(Dataset entries)
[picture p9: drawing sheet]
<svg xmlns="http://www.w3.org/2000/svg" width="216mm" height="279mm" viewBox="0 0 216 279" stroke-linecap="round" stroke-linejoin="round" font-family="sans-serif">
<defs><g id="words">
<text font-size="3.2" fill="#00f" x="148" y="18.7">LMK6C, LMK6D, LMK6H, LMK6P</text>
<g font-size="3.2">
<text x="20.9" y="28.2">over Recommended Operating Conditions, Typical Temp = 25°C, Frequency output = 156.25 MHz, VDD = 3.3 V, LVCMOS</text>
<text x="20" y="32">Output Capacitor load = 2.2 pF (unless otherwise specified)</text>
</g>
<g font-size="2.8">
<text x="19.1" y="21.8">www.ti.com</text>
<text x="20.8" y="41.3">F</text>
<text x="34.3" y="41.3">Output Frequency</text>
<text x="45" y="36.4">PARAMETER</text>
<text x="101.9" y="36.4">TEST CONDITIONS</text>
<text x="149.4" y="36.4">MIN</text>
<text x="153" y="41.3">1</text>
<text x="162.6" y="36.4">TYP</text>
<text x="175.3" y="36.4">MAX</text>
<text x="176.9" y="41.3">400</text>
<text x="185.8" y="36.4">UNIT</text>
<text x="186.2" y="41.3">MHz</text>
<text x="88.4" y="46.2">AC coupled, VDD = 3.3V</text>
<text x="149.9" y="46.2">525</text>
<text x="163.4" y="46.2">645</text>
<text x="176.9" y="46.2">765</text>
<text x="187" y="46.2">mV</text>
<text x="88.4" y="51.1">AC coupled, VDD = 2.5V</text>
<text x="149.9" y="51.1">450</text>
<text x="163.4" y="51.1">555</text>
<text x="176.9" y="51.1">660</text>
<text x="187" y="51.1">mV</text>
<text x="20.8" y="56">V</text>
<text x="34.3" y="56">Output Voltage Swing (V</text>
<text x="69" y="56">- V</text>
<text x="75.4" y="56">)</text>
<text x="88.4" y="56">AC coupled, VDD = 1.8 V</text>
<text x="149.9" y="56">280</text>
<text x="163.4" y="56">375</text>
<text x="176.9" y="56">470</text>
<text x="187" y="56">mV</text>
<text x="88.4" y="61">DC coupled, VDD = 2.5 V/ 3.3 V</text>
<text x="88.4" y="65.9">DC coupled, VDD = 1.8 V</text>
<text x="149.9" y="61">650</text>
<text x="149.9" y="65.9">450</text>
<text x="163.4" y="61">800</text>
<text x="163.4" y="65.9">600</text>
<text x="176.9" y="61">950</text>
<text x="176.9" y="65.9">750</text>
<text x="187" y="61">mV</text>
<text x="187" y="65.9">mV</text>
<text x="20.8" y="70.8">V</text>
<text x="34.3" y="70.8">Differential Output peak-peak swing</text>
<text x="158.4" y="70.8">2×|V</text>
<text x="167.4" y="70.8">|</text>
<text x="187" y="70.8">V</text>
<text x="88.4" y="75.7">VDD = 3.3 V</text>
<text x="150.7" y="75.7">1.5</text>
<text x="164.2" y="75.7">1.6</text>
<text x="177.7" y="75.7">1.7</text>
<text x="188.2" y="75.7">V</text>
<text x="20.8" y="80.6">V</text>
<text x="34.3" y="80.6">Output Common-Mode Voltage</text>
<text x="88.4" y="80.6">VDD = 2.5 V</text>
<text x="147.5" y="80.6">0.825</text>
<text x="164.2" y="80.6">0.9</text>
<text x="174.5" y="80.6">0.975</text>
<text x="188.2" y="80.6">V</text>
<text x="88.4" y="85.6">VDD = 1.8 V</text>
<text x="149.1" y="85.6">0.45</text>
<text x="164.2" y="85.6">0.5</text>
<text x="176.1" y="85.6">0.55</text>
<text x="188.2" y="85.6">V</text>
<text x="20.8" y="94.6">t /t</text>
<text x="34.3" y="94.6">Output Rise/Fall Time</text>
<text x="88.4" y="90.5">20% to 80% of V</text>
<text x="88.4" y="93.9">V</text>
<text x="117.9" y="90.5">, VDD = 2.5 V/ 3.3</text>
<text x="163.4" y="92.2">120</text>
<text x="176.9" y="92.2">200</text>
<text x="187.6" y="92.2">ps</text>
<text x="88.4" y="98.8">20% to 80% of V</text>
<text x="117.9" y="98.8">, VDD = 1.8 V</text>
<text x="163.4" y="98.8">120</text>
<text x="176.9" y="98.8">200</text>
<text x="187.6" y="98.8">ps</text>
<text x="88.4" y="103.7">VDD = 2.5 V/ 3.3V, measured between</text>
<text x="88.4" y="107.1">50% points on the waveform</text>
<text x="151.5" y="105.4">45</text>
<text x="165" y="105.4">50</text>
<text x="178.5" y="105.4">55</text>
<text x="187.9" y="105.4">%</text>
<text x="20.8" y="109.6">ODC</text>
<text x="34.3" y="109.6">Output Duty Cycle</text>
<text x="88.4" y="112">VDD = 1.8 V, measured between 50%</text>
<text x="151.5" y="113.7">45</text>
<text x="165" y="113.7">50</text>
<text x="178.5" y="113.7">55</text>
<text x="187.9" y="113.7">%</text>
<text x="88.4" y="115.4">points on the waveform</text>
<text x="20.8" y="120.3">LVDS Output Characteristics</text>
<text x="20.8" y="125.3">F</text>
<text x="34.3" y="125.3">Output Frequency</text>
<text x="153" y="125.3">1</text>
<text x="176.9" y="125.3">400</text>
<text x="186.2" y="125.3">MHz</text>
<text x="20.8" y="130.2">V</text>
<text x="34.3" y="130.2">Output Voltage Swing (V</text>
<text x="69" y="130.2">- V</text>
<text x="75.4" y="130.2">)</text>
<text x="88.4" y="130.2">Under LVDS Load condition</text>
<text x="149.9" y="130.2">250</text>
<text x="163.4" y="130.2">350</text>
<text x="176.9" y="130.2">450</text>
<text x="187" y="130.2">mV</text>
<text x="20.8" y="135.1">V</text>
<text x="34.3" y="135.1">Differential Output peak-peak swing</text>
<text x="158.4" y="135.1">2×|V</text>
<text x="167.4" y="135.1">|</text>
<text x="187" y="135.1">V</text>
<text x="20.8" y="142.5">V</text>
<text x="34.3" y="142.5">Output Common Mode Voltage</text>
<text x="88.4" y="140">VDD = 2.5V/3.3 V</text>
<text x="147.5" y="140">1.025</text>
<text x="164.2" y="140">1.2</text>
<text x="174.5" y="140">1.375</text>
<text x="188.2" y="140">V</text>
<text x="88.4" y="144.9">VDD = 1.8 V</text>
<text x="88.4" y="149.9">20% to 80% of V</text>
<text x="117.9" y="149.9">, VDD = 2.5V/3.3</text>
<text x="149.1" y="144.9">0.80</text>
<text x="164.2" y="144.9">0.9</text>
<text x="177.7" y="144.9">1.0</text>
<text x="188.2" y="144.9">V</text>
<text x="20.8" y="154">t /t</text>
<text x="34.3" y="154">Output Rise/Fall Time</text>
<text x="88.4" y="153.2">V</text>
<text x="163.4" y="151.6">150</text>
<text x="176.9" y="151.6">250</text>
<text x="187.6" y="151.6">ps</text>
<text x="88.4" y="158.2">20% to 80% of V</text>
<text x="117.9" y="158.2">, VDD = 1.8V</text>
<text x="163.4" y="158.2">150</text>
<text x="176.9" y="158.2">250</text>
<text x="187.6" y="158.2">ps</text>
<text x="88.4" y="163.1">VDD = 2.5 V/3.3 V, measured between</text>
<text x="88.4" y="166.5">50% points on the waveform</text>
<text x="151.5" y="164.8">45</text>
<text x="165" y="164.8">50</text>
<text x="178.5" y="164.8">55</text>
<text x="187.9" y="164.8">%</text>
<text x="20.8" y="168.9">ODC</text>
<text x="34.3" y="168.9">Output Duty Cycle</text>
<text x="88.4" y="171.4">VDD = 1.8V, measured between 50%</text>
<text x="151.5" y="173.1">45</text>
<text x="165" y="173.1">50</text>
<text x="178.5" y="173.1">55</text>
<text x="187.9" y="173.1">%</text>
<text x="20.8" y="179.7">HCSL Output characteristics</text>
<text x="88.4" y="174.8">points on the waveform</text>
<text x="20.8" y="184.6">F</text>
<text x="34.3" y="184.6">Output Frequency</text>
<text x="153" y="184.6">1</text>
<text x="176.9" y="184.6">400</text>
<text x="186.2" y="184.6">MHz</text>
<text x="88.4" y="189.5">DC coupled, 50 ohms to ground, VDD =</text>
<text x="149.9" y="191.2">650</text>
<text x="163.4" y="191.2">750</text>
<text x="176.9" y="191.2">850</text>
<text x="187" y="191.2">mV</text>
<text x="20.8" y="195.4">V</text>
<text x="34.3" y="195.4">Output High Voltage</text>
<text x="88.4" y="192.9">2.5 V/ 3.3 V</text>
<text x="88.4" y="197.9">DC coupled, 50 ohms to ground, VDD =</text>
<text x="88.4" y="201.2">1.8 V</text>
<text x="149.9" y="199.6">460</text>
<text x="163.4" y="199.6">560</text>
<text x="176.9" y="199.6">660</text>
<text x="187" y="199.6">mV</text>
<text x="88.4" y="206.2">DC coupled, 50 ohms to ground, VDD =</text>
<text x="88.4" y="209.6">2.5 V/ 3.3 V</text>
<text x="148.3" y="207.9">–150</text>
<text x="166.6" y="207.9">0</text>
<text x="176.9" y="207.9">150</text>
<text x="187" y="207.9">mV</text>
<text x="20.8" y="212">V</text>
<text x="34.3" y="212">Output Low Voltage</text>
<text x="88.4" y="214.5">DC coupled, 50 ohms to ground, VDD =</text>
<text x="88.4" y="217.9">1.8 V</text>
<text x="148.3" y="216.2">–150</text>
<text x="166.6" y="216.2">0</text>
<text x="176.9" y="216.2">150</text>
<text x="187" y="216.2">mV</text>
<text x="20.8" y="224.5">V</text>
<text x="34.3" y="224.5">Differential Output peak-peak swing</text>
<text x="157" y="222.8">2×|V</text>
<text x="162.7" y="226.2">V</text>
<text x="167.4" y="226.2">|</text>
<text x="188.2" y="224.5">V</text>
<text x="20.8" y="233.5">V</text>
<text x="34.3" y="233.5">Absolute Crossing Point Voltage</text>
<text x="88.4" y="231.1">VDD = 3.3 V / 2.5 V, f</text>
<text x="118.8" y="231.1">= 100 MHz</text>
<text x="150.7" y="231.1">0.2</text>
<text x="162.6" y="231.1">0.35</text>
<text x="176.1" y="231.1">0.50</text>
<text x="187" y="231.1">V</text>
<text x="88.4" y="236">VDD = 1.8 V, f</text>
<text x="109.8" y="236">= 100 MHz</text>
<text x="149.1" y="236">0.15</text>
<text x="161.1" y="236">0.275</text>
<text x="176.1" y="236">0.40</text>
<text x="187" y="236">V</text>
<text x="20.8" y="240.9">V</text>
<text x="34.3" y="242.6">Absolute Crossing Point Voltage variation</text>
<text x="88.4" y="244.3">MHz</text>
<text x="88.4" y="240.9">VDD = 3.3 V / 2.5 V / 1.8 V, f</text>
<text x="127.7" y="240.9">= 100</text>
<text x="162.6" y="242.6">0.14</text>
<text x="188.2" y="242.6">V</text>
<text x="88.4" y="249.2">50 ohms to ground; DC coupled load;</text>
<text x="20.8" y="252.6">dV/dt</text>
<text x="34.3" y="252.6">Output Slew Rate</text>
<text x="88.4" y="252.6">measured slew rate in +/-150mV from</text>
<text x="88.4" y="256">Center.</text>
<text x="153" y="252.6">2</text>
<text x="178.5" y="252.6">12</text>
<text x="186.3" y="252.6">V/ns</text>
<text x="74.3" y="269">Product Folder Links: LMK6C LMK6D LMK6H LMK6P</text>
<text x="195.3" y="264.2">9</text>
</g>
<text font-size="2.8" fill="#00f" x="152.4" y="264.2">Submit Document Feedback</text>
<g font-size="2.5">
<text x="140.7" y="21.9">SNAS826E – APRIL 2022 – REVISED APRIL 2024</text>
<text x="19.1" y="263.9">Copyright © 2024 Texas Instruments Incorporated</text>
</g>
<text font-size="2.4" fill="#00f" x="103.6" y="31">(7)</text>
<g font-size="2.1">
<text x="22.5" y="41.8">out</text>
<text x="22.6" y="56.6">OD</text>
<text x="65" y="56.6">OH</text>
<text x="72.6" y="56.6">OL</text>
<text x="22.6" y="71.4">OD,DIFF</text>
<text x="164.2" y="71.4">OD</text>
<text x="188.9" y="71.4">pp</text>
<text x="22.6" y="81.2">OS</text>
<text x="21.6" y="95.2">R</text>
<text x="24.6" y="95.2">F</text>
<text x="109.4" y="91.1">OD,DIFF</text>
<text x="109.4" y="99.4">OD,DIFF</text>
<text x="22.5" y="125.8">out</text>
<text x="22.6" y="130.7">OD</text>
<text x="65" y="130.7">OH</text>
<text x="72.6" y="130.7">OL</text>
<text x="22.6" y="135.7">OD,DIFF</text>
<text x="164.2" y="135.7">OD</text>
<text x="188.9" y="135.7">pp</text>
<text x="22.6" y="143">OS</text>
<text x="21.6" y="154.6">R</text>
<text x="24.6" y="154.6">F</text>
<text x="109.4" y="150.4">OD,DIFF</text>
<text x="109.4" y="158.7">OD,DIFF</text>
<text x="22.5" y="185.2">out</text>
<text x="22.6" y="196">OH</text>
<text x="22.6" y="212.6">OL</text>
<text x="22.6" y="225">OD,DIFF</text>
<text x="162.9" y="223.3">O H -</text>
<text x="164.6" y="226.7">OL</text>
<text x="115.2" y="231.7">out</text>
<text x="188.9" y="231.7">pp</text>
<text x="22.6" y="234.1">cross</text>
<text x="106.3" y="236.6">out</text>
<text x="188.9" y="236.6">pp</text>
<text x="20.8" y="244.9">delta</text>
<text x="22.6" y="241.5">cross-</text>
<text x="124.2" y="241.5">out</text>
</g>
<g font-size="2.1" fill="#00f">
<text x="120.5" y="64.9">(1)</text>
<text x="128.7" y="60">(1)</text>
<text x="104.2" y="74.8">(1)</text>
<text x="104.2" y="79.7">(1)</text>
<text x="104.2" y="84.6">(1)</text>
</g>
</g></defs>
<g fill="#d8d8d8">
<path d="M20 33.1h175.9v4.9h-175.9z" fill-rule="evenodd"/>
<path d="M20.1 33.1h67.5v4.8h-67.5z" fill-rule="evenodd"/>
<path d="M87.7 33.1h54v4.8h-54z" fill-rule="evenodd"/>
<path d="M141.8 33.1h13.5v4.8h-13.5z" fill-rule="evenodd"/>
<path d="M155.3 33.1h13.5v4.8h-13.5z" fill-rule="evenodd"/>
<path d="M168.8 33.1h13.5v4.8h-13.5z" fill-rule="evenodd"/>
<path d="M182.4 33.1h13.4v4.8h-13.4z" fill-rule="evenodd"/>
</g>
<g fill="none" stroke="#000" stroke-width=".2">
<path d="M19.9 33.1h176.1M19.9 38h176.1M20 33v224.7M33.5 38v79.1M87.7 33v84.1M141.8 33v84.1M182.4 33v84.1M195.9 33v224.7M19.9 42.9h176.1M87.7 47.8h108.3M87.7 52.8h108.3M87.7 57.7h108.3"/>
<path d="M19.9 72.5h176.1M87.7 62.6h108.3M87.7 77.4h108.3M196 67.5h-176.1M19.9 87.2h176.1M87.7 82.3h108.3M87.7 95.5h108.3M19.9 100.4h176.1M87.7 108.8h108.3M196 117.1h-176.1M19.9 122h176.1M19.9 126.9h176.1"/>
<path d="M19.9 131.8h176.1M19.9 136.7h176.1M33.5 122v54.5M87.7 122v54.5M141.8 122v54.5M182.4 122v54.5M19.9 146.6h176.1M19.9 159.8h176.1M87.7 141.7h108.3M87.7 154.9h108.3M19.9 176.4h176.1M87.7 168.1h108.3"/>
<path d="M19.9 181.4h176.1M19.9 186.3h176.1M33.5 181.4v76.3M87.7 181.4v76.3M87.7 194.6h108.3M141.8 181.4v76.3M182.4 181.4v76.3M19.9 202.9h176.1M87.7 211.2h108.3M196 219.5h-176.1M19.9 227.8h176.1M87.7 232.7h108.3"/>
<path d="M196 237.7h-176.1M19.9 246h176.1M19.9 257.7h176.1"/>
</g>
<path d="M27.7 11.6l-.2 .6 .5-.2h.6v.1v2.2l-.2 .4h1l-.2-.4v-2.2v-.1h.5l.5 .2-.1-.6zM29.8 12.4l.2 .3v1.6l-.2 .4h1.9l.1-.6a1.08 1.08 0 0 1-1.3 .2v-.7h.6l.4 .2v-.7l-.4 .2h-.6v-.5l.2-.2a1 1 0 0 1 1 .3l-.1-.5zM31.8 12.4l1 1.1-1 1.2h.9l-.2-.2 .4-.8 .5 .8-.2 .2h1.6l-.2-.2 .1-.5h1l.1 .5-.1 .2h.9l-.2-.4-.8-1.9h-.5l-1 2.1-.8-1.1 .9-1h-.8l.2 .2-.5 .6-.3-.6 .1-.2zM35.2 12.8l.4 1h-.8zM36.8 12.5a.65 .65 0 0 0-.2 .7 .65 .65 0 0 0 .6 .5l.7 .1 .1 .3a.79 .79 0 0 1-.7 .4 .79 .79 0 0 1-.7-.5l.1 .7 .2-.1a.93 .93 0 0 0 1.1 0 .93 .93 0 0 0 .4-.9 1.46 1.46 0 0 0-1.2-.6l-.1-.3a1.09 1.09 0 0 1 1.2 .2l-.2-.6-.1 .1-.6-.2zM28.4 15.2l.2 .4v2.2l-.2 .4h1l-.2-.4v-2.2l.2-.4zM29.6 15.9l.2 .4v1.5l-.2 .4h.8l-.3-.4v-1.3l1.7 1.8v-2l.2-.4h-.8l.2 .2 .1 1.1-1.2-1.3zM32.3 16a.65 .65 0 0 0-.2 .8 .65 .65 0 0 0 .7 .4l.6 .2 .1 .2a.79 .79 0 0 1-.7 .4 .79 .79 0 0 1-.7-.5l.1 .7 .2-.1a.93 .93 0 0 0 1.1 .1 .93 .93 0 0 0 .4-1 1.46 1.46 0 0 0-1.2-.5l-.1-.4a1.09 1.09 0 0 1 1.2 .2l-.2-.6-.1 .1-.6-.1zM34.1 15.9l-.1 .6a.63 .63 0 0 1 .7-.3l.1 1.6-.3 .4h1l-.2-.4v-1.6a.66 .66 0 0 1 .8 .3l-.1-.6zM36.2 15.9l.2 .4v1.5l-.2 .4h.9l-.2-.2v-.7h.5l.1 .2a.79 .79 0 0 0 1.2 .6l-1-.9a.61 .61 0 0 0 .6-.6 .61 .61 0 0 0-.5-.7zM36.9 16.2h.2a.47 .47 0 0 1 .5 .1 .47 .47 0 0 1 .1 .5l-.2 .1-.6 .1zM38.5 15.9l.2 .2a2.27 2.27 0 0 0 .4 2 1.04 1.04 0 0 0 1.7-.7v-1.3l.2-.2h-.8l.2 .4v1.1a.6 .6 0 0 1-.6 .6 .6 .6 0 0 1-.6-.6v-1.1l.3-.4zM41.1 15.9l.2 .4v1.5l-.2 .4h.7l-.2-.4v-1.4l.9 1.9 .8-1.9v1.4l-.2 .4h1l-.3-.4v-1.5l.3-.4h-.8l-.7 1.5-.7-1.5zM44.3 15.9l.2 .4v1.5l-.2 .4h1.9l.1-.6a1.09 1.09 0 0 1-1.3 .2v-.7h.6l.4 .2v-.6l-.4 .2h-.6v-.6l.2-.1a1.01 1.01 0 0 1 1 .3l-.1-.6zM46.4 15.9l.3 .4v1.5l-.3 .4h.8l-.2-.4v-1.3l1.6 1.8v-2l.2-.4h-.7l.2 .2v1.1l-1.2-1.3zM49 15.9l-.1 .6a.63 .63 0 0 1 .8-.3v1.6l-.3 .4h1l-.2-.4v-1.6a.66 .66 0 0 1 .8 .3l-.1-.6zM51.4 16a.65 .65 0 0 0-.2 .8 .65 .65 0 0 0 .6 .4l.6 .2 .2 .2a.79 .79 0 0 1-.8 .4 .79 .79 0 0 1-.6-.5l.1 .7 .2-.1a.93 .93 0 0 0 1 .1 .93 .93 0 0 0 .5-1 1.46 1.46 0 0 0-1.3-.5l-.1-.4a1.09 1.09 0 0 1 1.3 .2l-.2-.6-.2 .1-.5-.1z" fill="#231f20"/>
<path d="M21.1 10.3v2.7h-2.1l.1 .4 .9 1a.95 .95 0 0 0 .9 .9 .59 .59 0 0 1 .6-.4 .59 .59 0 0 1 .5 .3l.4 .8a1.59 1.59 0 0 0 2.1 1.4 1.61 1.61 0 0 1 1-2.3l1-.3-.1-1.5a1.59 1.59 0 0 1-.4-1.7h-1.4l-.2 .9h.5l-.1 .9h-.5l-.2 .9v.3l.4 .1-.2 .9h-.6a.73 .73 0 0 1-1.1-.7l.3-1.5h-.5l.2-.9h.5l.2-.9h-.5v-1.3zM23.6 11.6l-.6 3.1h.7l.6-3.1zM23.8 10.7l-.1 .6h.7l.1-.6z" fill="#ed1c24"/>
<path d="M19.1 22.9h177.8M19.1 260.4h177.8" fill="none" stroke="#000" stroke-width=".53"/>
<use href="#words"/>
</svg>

Your task — The lines to return are those in the records above that hold the word "Voltage".

Answer —
<text x="34.3" y="56">Output Voltage Swing (V</text>
<text x="34.3" y="80.6">Output Common-Mode Voltage</text>
<text x="34.3" y="130.2">Output Voltage Swing (V</text>
<text x="34.3" y="142.5">Output Common Mode Voltage</text>
<text x="34.3" y="195.4">Output High Voltage</text>
<text x="34.3" y="212">Output Low Voltage</text>
<text x="34.3" y="233.5">Absolute Crossing Point Voltage</text>
<text x="34.3" y="242.6">Absolute Crossing Point Voltage variation</text>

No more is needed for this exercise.